Дитмар взял Аарона за руку.
— Сила Рима — это сила мудрости, аббат, — прошептал он тепло и мягко, — а ученые — это братья, неразрывно связанные великой любовью к Риму и мудрости. Так что как брат имею право тебя просить: не забудь передать это Тимофею.
Аарон не забыл. Разговаривал с Тимофеем утром того дня, когда объявили о том, что вечером прибудет Болеслав. Познаньский епископ выслушал его с тем же сосредоточенным вниманием, с каким в Тынце выслушивал лихорадочный рассказ Аарона о его видениях во время болезни и после выздоровления. Когда Аарон кончил, Тимофей неожиданно схватил его за плечи и стал трясти.
— Что ты делаешь? — удивленно и испуганно воскликнул Аарон.
— Бужу тебя, бедняга. Будил, будил, а ты все спишь. И вновь скажу тебе только то, что сказал во сне твоем: окликни ее по имени!
На сей раз Аарон хорошо понял, что хотел сказать Тимофей. И потому весь затрясся, когда вечером вновь распахнулась дверь и вновь вошла Рихеза.
Она уже не могла сдержать возмущения.
— Государь отец посылает дружину под Кросно. И вести ее приказал Мешко! — крикнула она с порога срывающимся голосом.
Аарон вскочил.
— Значит, война объявлена? Окончательно? — спросил он слабо, еле слышно.

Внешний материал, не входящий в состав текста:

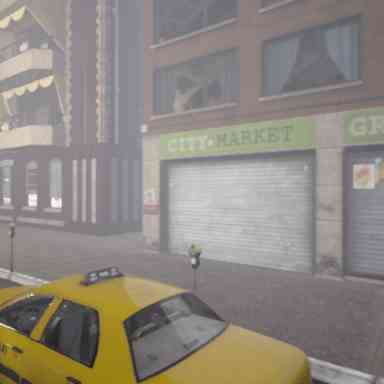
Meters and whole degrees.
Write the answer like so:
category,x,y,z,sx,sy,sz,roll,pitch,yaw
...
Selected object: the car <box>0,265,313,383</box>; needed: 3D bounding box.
category,x,y,z,sx,sy,sz,roll,pitch,yaw
car,-1.187,1.506,3.724,4.829,1.417,1.752,0,0,36
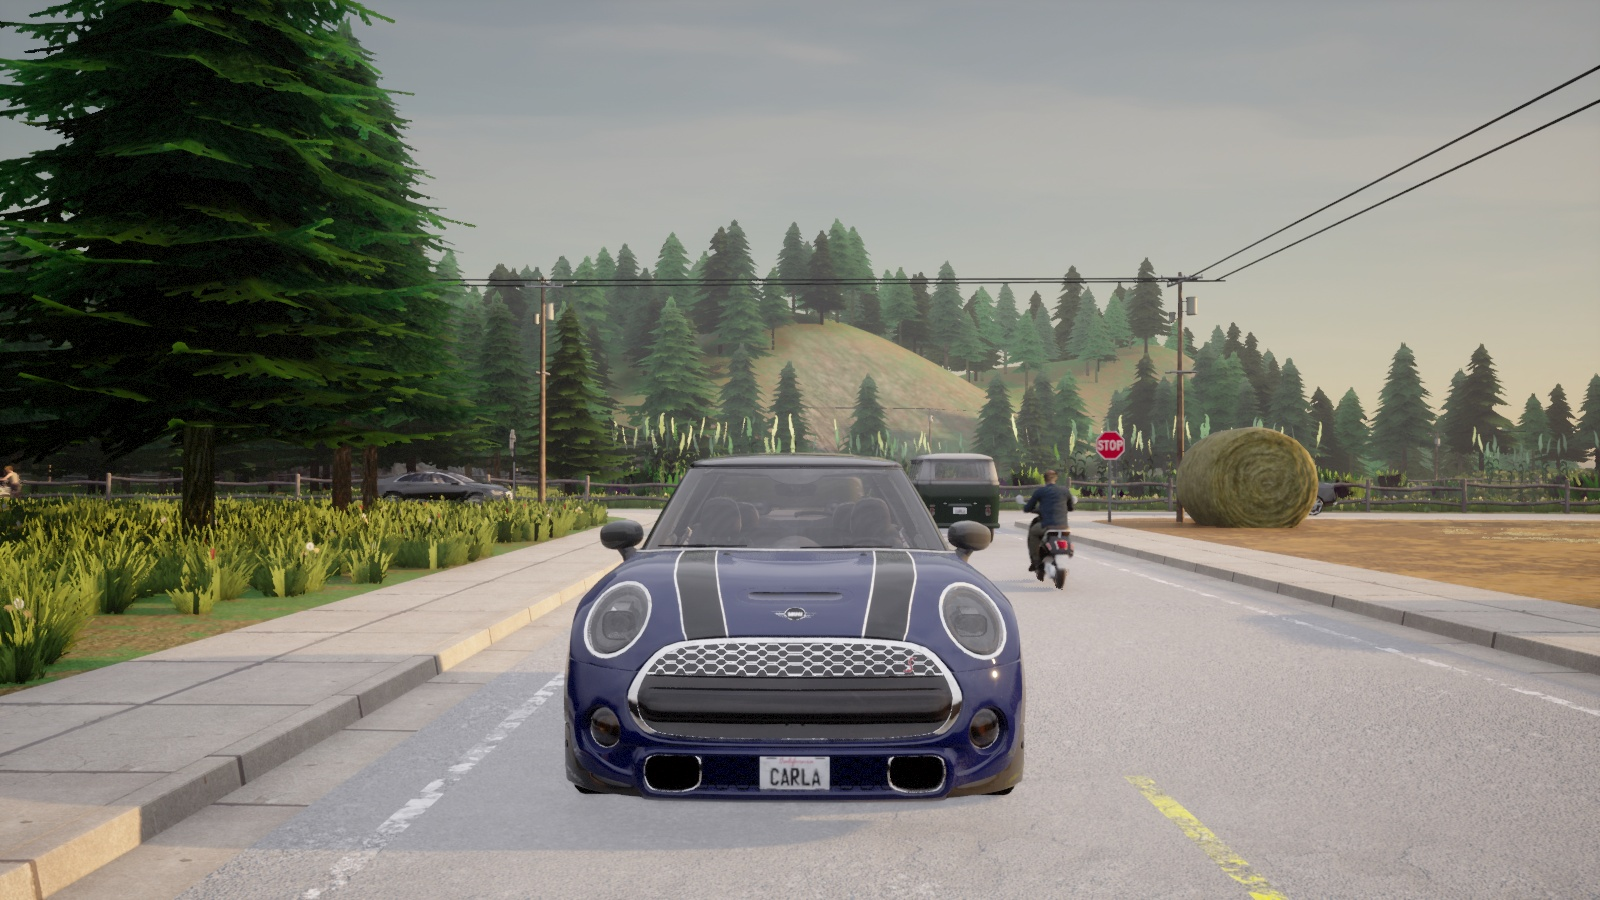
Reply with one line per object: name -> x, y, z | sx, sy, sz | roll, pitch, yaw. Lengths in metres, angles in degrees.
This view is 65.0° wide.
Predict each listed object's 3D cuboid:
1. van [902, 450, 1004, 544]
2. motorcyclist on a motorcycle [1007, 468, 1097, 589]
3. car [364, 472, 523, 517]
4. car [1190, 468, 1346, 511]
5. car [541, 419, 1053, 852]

— Может быть, послы еще смогут завтра убедить государя-отца, чтобы он склонился перед величием Рима. Но не война меня больше всего печалит, Аарон… не война, а позор, который падет на Мешко… Ведь император Генрих подарил ему свободу лишь тогда, когда Мешко поклялся, что никогда не преступит императорскую волю. А сейчас он сказал мне: "Если государь-отец велит мне не впустить императора в Кросно, я не впущу". А ведь это же клятвопреступление! Бесчестно Мешко так поступать, бесчестно.
— А честно было императору Генриху Мешко, выпущенного Удальрихом, вероломно заточить, словно жалкого воришку?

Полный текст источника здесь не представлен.